Present on that Memorial Day were survivors of the Civil War, and it’s very interesting to read about the fervent patriotism of the townspeople in an era in small town America when people knew everyone else in town. They had experienced the horror of a war in which brothers sometimes fought on opposite sides.

Not incidentally, we've identified eleven members of our ancestral family who were soldiers who fought and/or died on both sides of this war. This includes four members of our Cash line.

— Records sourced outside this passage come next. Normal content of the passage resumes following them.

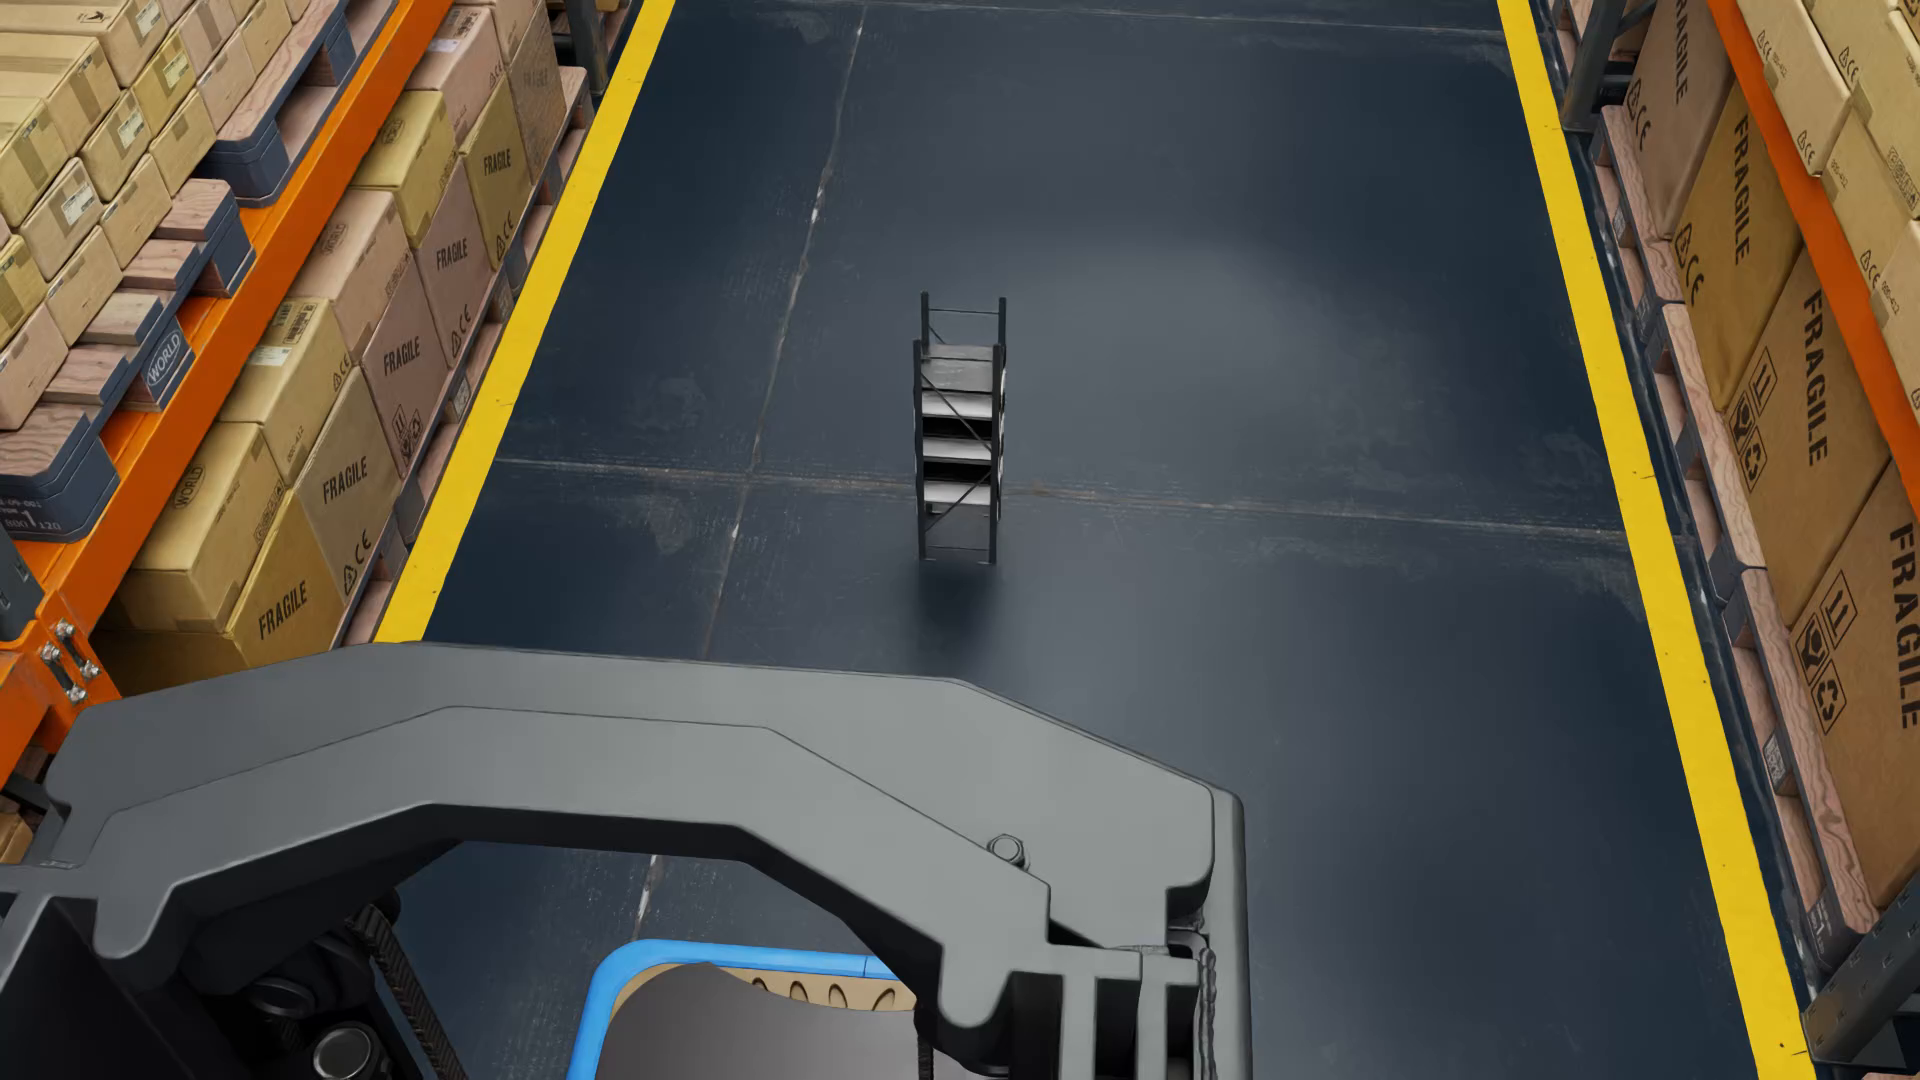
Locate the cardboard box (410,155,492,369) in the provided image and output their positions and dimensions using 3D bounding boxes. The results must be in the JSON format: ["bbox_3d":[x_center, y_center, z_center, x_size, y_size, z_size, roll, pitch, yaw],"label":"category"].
[{"bbox_3d":[-1.898,-0.924,5.471,0.500,0.500,0.500,3,48,3],"label":"cardboard box"}]

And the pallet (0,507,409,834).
[{"bbox_3d":[-2.275,0.366,4.772,1.003,0.211,1.213,4,48,4],"label":"pallet"}]

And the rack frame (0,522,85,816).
[{"bbox_3d":[-2.348,-0.001,3.218,1.000,3.000,0.127,4,48,4],"label":"rack frame"}]

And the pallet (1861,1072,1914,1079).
[{"bbox_3d":[2.518,1.773,3.485,1.003,0.211,1.213,4,48,4],"label":"pallet"}]

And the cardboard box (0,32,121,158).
[{"bbox_3d":[-2.064,-0.962,3.580,0.380,0.149,0.250,4,48,3],"label":"cardboard box"}]

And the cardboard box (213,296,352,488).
[{"bbox_3d":[-1.998,-0.415,4.498,0.500,0.250,0.500,3,48,3],"label":"cardboard box"}]

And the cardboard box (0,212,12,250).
[{"bbox_3d":[-2.113,-0.588,3.238,0.380,0.149,0.250,4,48,4],"label":"cardboard box"}]

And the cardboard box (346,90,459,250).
[{"bbox_3d":[-1.894,-1.161,5.180,0.500,0.250,0.500,2,48,2],"label":"cardboard box"}]

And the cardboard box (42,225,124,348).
[{"bbox_3d":[-2.082,-0.570,3.624,0.380,0.149,0.250,6,48,5],"label":"cardboard box"}]

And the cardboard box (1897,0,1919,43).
[{"bbox_3d":[2.468,-1.253,3.618,0.500,0.500,0.500,4,48,4],"label":"cardboard box"}]

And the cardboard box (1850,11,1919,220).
[{"bbox_3d":[2.451,-0.988,3.883,0.500,0.250,0.500,3,48,3],"label":"cardboard box"}]

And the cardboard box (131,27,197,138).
[{"bbox_3d":[-2.038,-1.081,3.890,0.380,0.149,0.250,4,48,4],"label":"cardboard box"}]

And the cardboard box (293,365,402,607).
[{"bbox_3d":[-1.987,-0.171,4.783,0.500,0.500,0.500,4,48,4],"label":"cardboard box"}]

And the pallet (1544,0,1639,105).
[{"bbox_3d":[3.102,-2.294,7.205,1.003,0.211,1.213,4,48,4],"label":"pallet"}]

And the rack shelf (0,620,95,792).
[{"bbox_3d":[-2.530,1.712,2.139,1.077,0.370,4.000,4,48,4],"label":"rack shelf"}]

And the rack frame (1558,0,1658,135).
[{"bbox_3d":[2.955,-2.681,5.670,1.000,3.000,0.127,4,48,4],"label":"rack frame"}]

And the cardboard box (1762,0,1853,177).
[{"bbox_3d":[2.489,-1.202,4.419,0.500,0.250,0.500,3,48,3],"label":"cardboard box"}]

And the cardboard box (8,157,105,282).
[{"bbox_3d":[-2.081,-0.699,3.541,0.380,0.149,0.250,6,48,5],"label":"cardboard box"}]

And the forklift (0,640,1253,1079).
[{"bbox_3d":[-0.302,1.597,1.803,1.130,2.935,3.031,4,48,3],"label":"forklift"}]

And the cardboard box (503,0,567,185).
[{"bbox_3d":[-1.800,-1.677,6.161,0.500,0.500,0.500,3,48,3],"label":"cardboard box"}]

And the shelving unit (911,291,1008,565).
[{"bbox_3d":[0.001,-0.310,4.923,0.258,0.900,0.210,4,48,4],"label":"shelving unit"}]

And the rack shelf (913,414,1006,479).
[{"bbox_3d":[0.001,-0.287,4.948,0.258,0.077,0.200,4,48,4],"label":"rack shelf"}]

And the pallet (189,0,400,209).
[{"bbox_3d":[-2.208,-1.393,4.621,1.003,0.211,1.213,4,48,4],"label":"pallet"}]

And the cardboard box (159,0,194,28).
[{"bbox_3d":[-2.017,-1.356,3.940,0.380,0.149,0.250,6,48,5],"label":"cardboard box"}]

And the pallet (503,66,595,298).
[{"bbox_3d":[-2.053,-1.427,6.412,1.003,0.211,1.213,4,48,4],"label":"pallet"}]

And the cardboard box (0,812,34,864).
[{"bbox_3d":[-2.493,1.058,3.489,1.050,0.750,0.750,3,48,3],"label":"cardboard box"}]

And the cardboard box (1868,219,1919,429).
[{"bbox_3d":[2.409,-0.457,3.737,0.500,0.250,0.500,5,48,4],"label":"cardboard box"}]

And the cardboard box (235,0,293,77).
[{"bbox_3d":[-1.987,-1.347,4.335,0.380,0.149,0.250,4,48,4],"label":"cardboard box"}]

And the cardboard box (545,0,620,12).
[{"bbox_3d":[-1.630,-2.365,7.028,0.380,0.149,0.250,2,48,2],"label":"cardboard box"}]

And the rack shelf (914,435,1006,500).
[{"bbox_3d":[0.001,-0.226,5.014,0.258,0.077,0.200,4,48,4],"label":"rack shelf"}]

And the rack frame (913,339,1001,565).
[{"bbox_3d":[-0.009,-0.235,4.855,0.240,0.900,0.006,4,48,4],"label":"rack frame"}]

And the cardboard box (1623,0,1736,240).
[{"bbox_3d":[2.978,-1.645,5.877,0.875,0.875,0.875,5,48,5],"label":"cardboard box"}]

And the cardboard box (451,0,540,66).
[{"bbox_3d":[-1.800,-1.927,5.881,0.500,0.250,0.500,3,48,2],"label":"cardboard box"}]

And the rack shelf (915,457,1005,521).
[{"bbox_3d":[0.001,-0.166,5.081,0.258,0.077,0.200,4,48,4],"label":"rack shelf"}]

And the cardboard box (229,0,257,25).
[{"bbox_3d":[-1.988,-1.446,4.224,0.380,0.149,0.250,3,48,3],"label":"cardboard box"}]

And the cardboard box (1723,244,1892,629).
[{"bbox_3d":[2.822,-0.324,4.669,0.875,0.875,0.875,4,48,4],"label":"cardboard box"}]

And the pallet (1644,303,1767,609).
[{"bbox_3d":[2.851,-0.269,5.353,1.003,0.211,1.213,4,48,4],"label":"pallet"}]

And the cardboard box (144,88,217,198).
[{"bbox_3d":[-2.034,-0.967,3.987,0.380,0.149,0.250,6,48,5],"label":"cardboard box"}]

The second part of the article, which deals with the writer's concerns about the management of the district's schools, refers to W.G. Cash being considered for the superintendency of the schools. It also mentions the fact that there was outrage on the part of some that the compensation of a teacher in the schools had been gradually increased from $25 per month to $50 per month over a seven year period. To put that in perspective, here's a look at some 1891 prices:
Bread: 2¢ / loaf
Milk: 17¢ / gallon
House: $5,500
Average annual income: $650

Below I have transcribed the article.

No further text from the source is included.